The author bridging through the crux section of pitch two of the super-classic climb Nuit Blanche (WI6) high above the Argentiere Glacier, Chamonix. First climbed by British legend Stevie Haston, this superb route follows a major ice structure that stands proudly alone above the vast glacier. Climbed in two contrasting pitches, the second pitch seen in this image is the highlight, finishing up a thin column of vertical ice that can be less than a metre wide at the very top.
Mist steaming of the river Gyronde in early morning winter light after a very hard frost, just downstream from the pretty alpine village of Vallouise.
Mysterious ice structures in a small cave at Freissinières in the Ecrins massif. Ice climbing often creates a sense of wonder at the Earth’s natural forces: ice has an ability to produce structures beyond the imagination of even the most outlandish sculptors.
Reaching the top of the pristine, free-hanging ‘cigar’ pillar of Tchouky (WI6) in the Fournel Valley. For those wishing to cut their teeth on harder, steeper ice pillars, the single pitch climbs at Fournel and nearby Freissinières are just the ticket.
You might need a day off in a couple of weeks of hard ice climbing. Via ferrata is a great rest day activity, and the Ecrins is full of possible routes – such as this one, high above Vallouise with amazing views out towards Pointe de l’Aiglière and Mont Pelvoux to the north.
Some of the best opportunities for ice climbing in the world lie in the high valleys of the mountain-clad triangle between Geneva, Zurich and Turin
A spooky scene in falling light on the long walk-out from a great day’s ice climbing in Cogne, Italy.
At the top of the Aosta Valley on the Italian side of the Mont Blanc massif, Cogne is one of the best ice climbing venues in the whole of Europe – Ouray, Colorado but with better coffee.
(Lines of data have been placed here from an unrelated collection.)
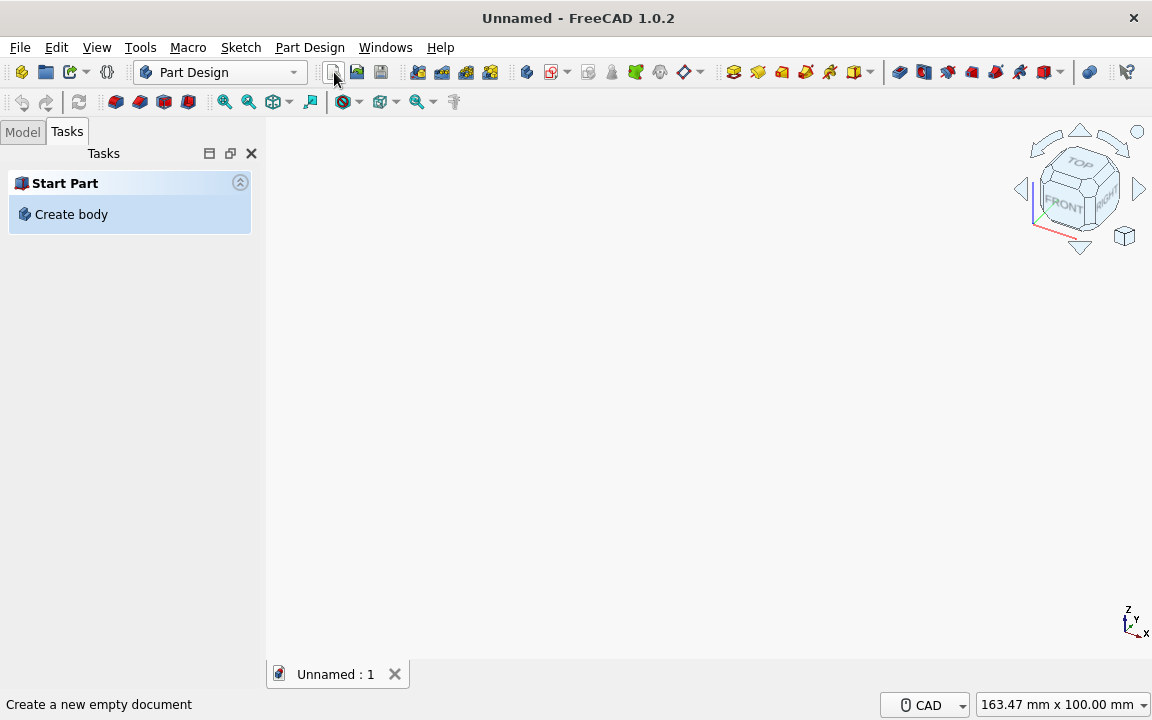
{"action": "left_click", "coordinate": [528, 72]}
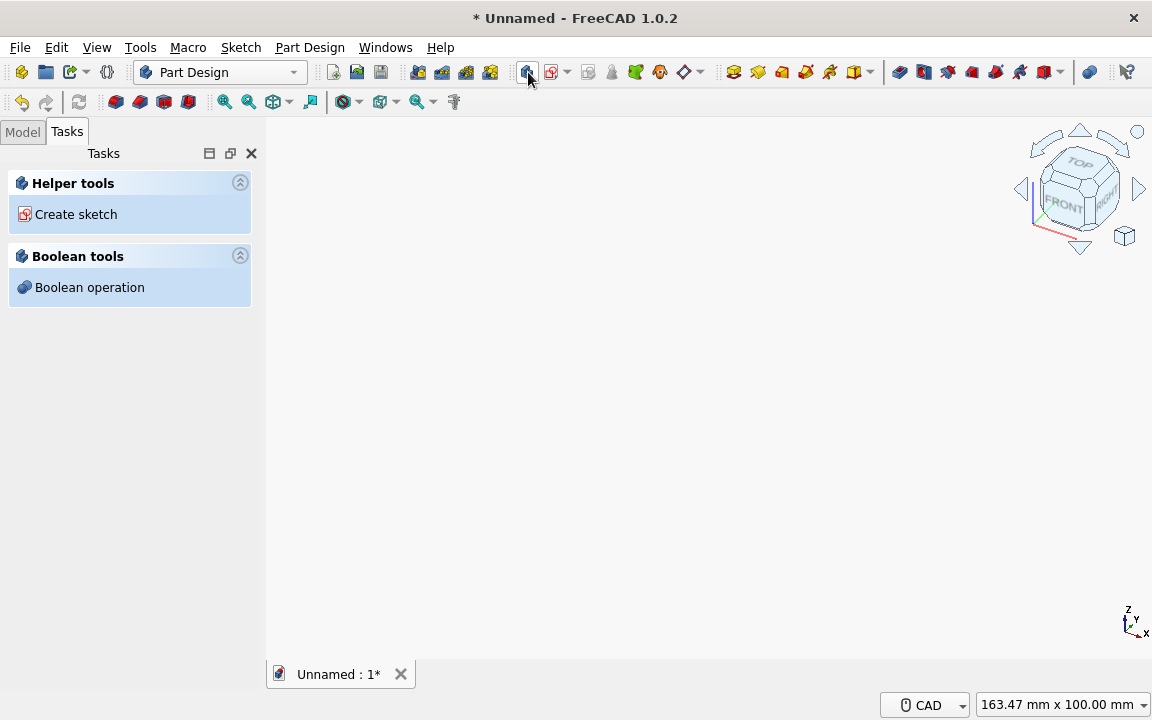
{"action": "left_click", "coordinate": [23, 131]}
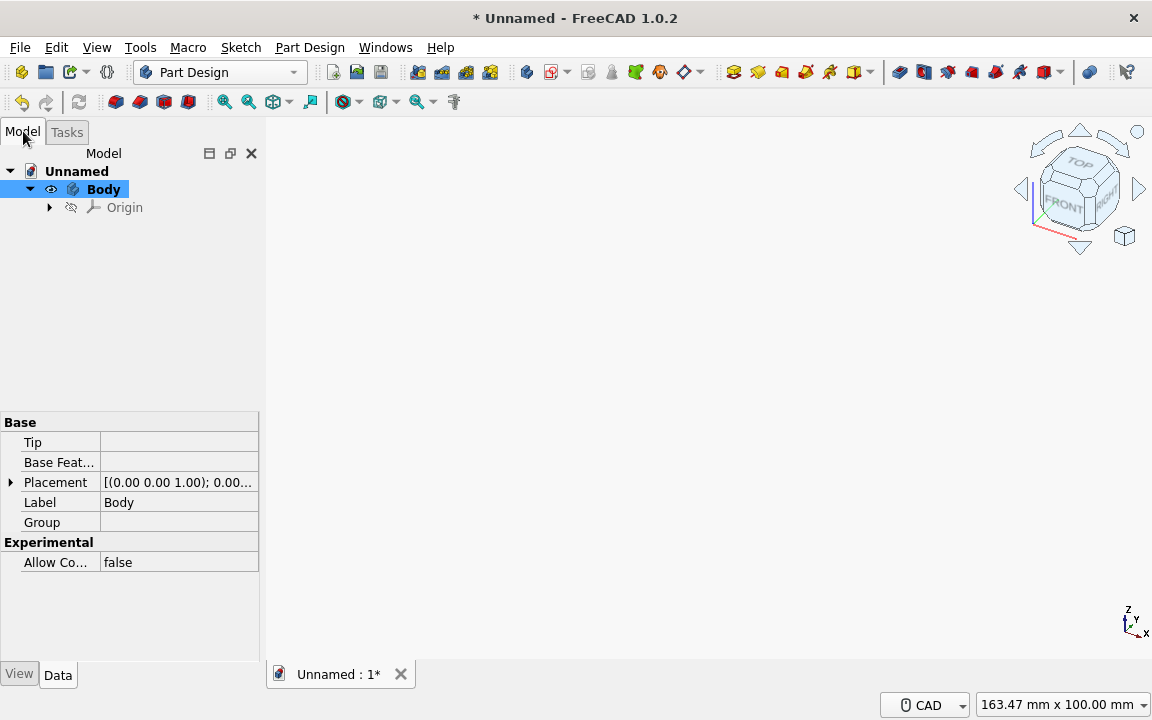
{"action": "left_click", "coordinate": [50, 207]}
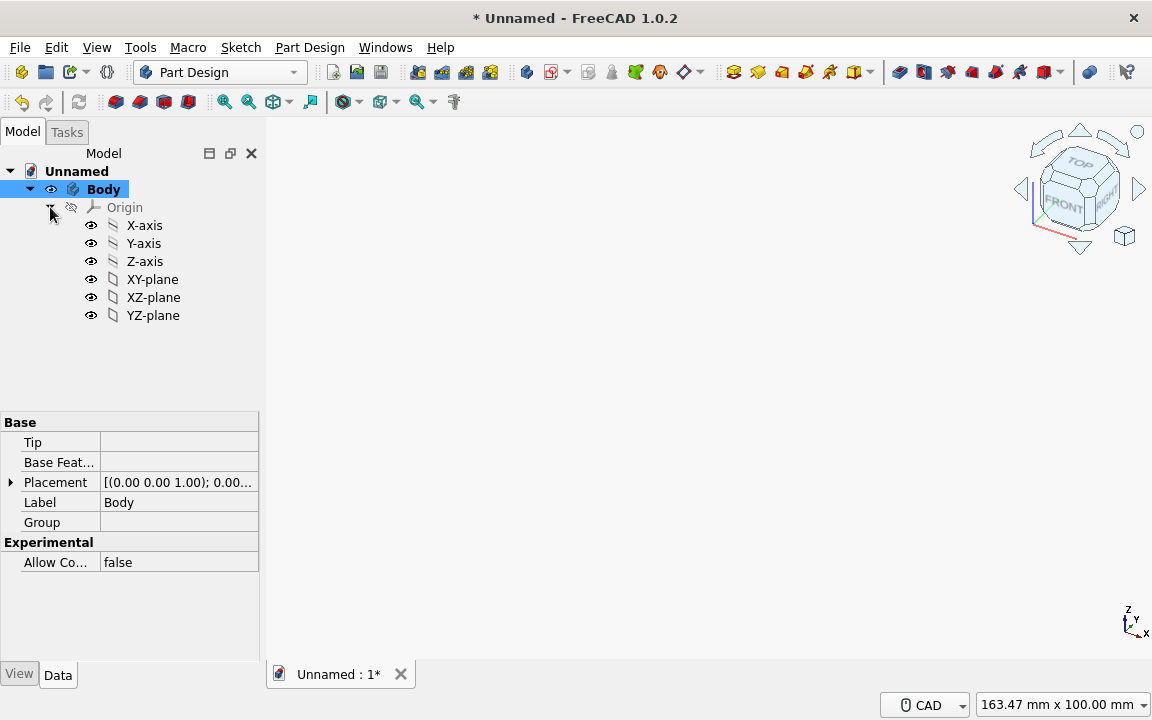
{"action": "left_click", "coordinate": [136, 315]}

Here, Neil Gresham moves up the lower section of the Patri Gauche (WI4+) on high quality ice in the depths of winter. The sustained low temperatures in the Cogne valley can guarantee good ice when other venues nearby may be out of condition.
Dry tooling is a popular sub-discipline for many ice climbers operating at a high standard, and provides excellent training for both ice and mixed climbing. Tim Emmett dispatches a short but very steep M8 pitch in Valsavarenche in the upper Aosta valley.
More classic Cogne ice: Ian Parnell reaches the upper pillar of the simply superb Patri Droite (WI4+).
Sometimes the exploratory and surprising side of ice climbing is the most rewarding. Driving back from Ceillac one afternoon, we found this intriguing, steep ice formation – undescribed in any guidebook – just a few minutes’ walk above the road. It provided some delicate climbing on thin ice on the lower section, and a steep finish of WI5+ standard, which Giles Cornah makes light work of in very ‘lean’ conditions.